### Aim of the task
Restate all of the entries exactly. Any picture in them should be skipped.

### Data excerpts
########

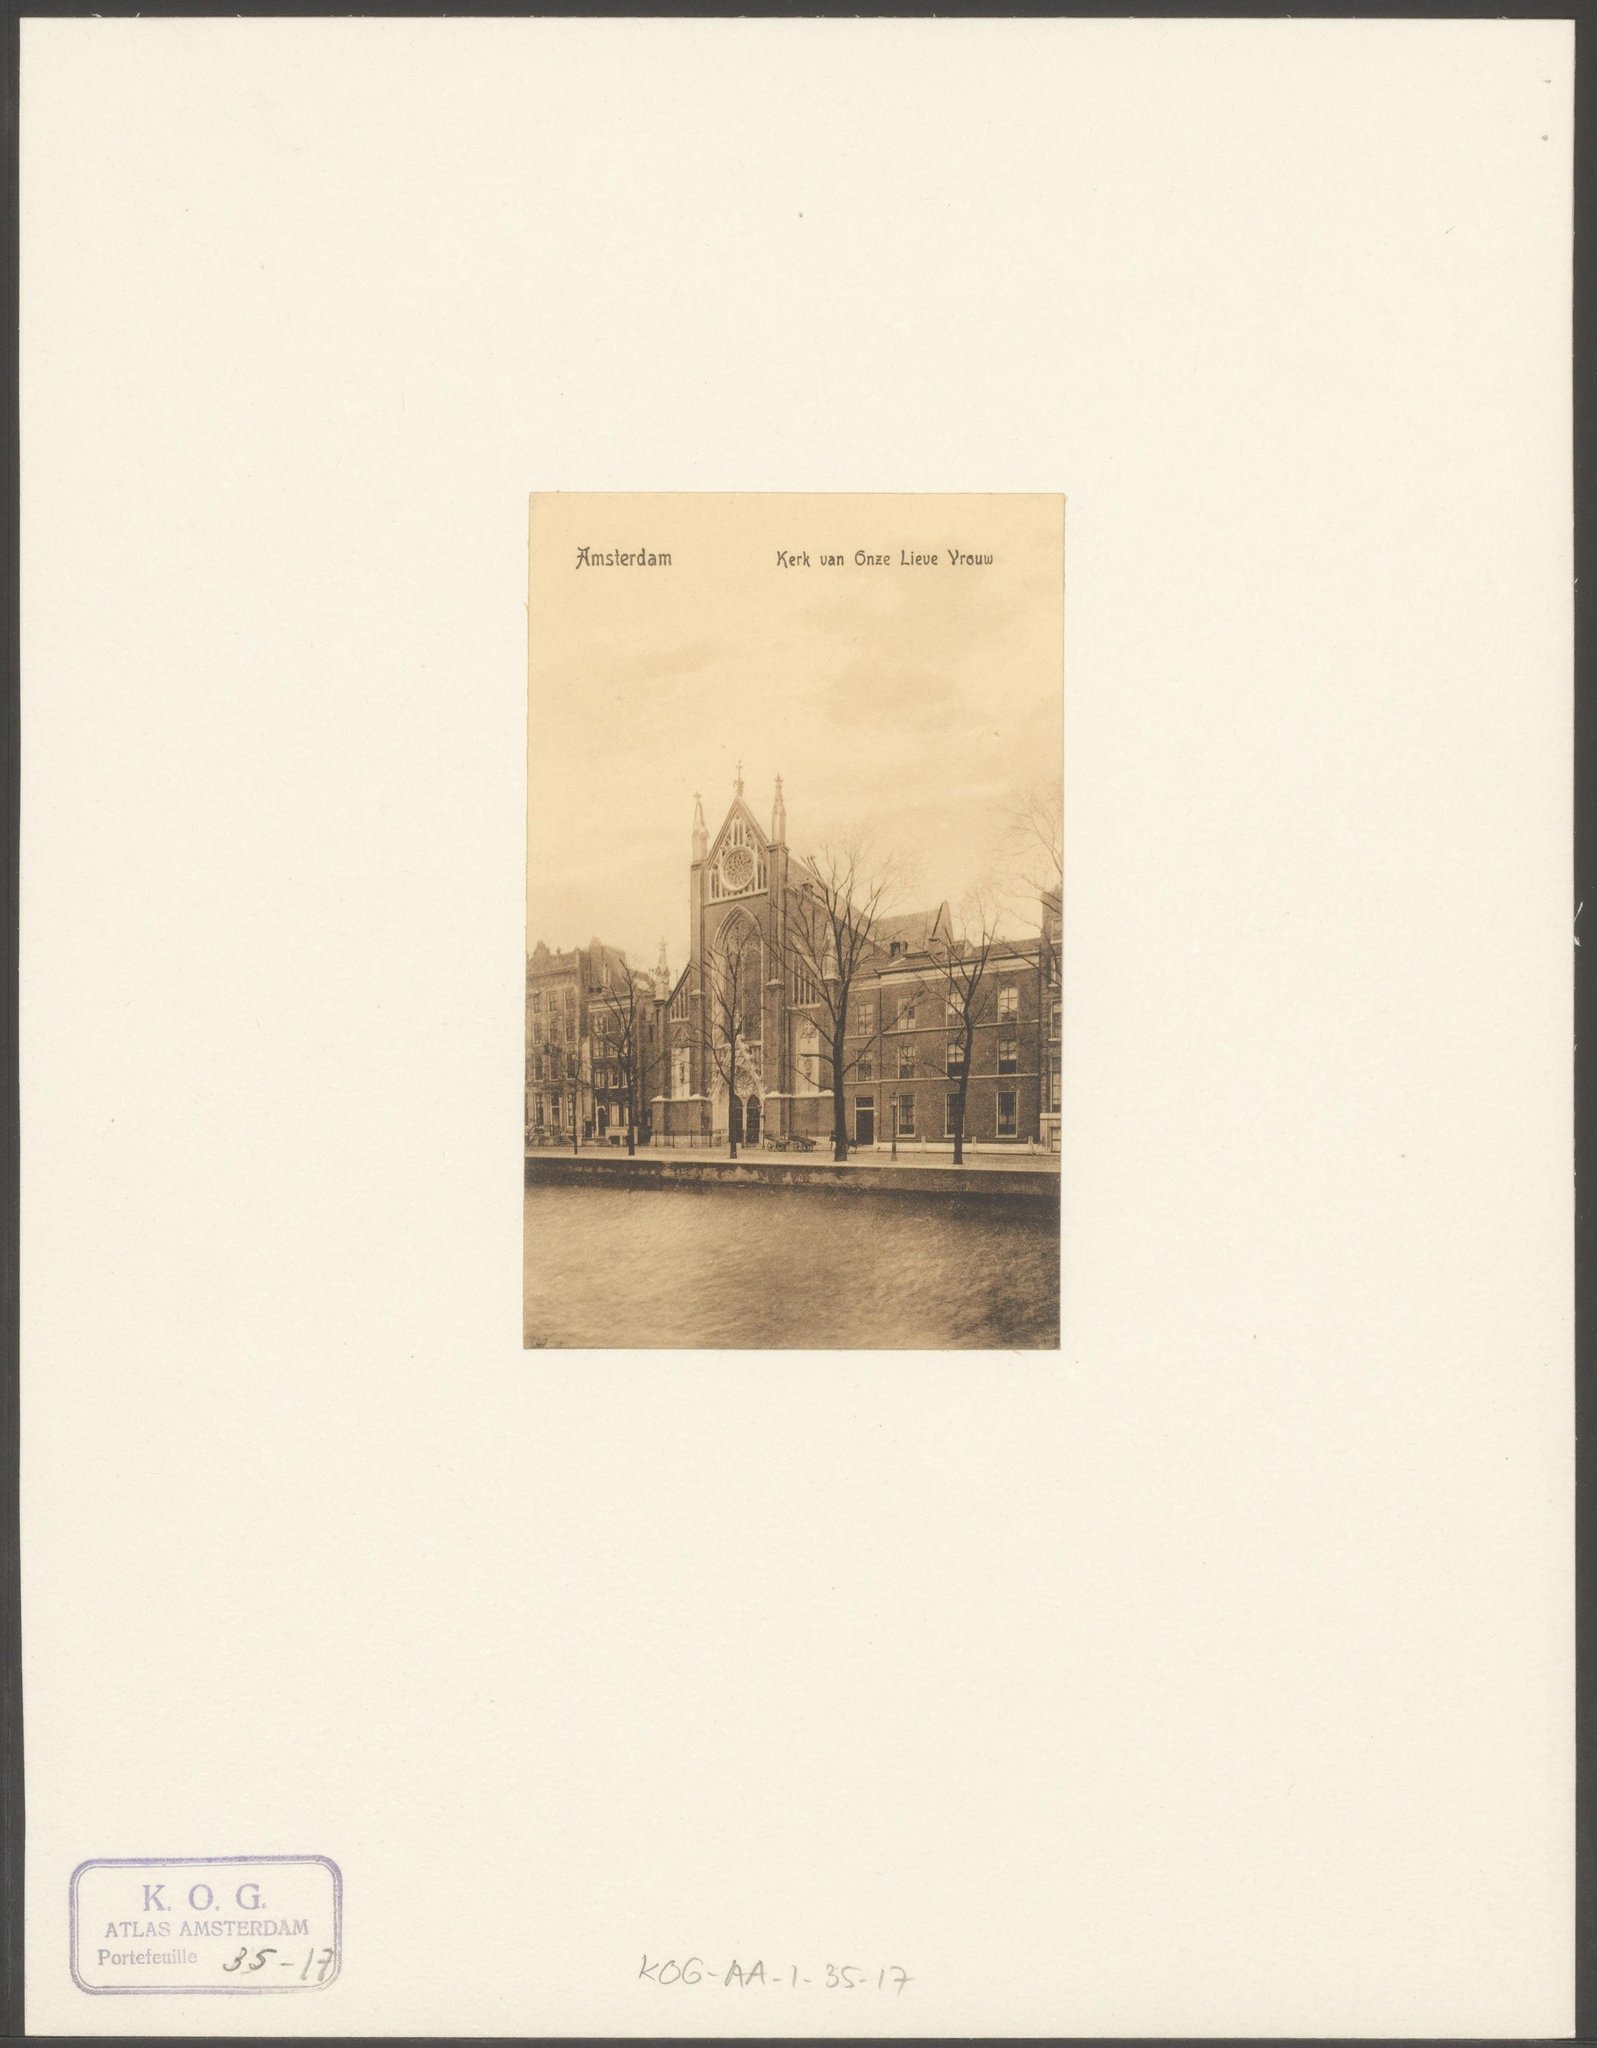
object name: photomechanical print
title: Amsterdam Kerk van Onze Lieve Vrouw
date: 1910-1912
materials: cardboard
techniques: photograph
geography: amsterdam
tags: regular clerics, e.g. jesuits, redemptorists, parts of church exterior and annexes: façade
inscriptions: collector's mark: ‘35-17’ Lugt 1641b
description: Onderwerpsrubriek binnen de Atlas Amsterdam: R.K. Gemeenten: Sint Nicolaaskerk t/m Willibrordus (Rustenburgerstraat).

########

### Output
object name: photomechanical print
title: Amsterdam Kerk van Onze Lieve Vrouw
date: 1910-1912
materials: cardboard
techniques: photograph
geography: amsterdam
tags: regular clerics, e.g. jesuits, redemptorists, parts of church exterior and annexes: façade
inscriptions: collector's mark: ‘35-17’ Lugt 1641b
description: Onderwerpsrubriek binnen de Atlas Amsterdam: R.K. Gemeenten: Sint Nicolaaskerk t/m Willibrordus (Rustenburgerstraat).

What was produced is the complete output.